Sunday, October 1, 2006

THE TURNING YEAR

I know, it's a fall picture and the background is green. But one, I had trouble matching the other colors, this one looked the best. Two, I finally realized that the trees turn color in pretty much the order they leafed out. The dogwood in the front yard is almost completly red while most of maples and oaks are still nice and green. Three I like green. :-)

It's the first of October and like clock work, it's foggy in Springfield this morning. The land has stored up alll that heat from the sunny days in July and August and when the cool, damp ocean air moves in we get fog. Especially near the rivers and open farm land. I've left the fog behind as I hit the freeway on the way to work and driven back into it on 99 as I pass the airport. Ironically the airport sits on one of the foggiest places in town. Ot maybe air ports attract fog like trailers seem to attract tornadoes, I don't know. It's one of those mysteries. 

Stumbled onto a valley nursury that specializes in plants native to the Northwest. If you're curious, go here. http://www.nwplants.com/ I printed off the shrub catalog and mom's really excited.

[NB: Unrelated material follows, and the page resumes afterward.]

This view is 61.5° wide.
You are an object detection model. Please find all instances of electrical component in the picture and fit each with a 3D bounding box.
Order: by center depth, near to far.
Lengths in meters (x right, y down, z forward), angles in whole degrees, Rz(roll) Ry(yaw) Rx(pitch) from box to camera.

I'll do the perennials this morning and give her a chance to look at those. I recognized some of the plants from what we've seen in the plantings at the park where we go to walk. Especially a little shrub with light yellow flowers. It's a potentilla. And the Nootka Roses.

Many of the plants do well in poor soils, tolerate dry conditions and generally don't have to have their branches held. Although I;m sure they'll take all the TLC they can get. Some of our original plantings haven't turned out as well as we'd like or did too well. The butterfly bush is a good example. Very pretty, but a pain in the ass. And if we want to lure some of the ground feeders down the hill we have to put in shrubs like the Nootka Rose that they can shelter in. So, it's time to scale back on some and bring in some new things. We've learned a lot in the last three years.

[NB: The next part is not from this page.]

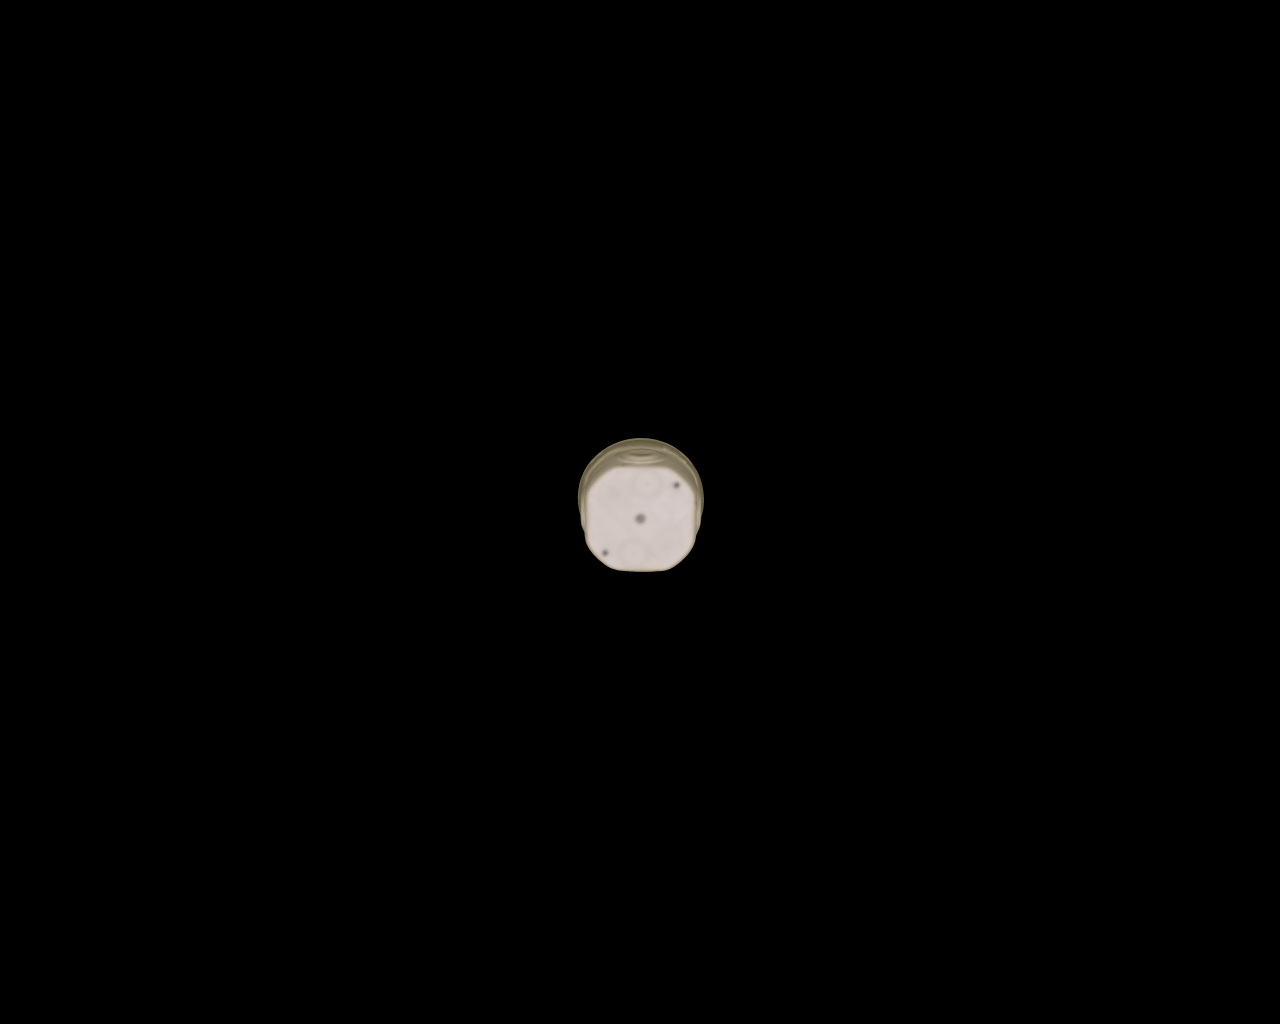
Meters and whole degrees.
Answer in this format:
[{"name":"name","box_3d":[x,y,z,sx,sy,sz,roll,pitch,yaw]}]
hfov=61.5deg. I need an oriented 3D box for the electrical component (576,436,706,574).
[{"name":"electrical component","box_3d":[0.001,-0.003,0.650,0.080,0.080,0.051,0,16,0]}]

One neat thing about the plant listings. The icons tell you if it's edible, if butterflies like it, that kind of thing, and if Lewis and Clark cataloged it. Kind of a mini history lesson. Fun to check out, even if we don't buy the plant.

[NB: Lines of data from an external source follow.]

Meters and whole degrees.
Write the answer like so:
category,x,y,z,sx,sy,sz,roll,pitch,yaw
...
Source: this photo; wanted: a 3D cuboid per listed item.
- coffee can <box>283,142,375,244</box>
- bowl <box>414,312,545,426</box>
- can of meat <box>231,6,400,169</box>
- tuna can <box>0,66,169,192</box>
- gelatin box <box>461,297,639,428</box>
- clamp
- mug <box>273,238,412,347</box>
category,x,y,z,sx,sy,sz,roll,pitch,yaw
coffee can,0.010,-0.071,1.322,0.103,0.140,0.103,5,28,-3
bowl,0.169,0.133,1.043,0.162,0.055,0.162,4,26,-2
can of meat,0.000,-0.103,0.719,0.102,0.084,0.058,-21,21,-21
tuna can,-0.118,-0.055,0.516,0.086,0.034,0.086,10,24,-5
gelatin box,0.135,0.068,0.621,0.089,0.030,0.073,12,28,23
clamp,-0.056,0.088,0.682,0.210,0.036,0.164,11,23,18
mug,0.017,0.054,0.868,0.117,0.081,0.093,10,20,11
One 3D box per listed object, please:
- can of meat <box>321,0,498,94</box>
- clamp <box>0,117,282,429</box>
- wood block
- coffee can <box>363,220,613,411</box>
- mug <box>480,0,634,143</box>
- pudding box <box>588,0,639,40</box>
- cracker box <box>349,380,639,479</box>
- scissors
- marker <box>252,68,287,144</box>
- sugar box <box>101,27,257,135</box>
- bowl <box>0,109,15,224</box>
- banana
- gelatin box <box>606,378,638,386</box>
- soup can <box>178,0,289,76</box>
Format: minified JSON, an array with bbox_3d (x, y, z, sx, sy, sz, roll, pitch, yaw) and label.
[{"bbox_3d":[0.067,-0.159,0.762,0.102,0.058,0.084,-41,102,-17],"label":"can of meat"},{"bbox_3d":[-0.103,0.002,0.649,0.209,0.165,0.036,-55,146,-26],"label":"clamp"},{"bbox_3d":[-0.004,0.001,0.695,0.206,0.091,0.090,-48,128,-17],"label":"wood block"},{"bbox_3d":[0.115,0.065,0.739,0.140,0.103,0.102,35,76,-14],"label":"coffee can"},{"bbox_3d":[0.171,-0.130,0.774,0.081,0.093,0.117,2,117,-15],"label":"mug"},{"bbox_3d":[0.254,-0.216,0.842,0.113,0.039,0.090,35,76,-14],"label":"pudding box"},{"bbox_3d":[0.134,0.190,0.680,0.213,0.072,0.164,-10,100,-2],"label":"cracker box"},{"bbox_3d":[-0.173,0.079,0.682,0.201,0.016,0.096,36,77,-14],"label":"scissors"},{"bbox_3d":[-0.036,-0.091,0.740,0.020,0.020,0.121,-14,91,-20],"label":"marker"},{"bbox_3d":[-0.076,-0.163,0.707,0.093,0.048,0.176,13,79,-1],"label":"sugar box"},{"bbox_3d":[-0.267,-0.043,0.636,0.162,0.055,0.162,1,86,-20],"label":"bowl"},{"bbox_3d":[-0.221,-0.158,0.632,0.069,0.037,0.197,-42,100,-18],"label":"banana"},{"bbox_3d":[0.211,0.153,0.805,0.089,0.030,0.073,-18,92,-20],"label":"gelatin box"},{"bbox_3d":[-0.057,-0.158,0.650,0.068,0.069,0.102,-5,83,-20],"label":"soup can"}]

And for those of us who love almost all things Celtic, a little something to go on the wall next the garden. Replicas of Irish High Crosses. http://www.oldworldpresents.com/index.php?cPath=231_224&gclid=CIH59trZ1YcCFUpbGAodXUyIqg Click on the picture to get some info about the cross itself. I'm also partial to St Francis and the Laughing Buddha. LOL At least I won't get a hernia or need a fork lift to get these into the garden.

1 comment:

tenyearnap said...

Hey, I think you need to put that Stonehenge Reproducion in your yard. Haha.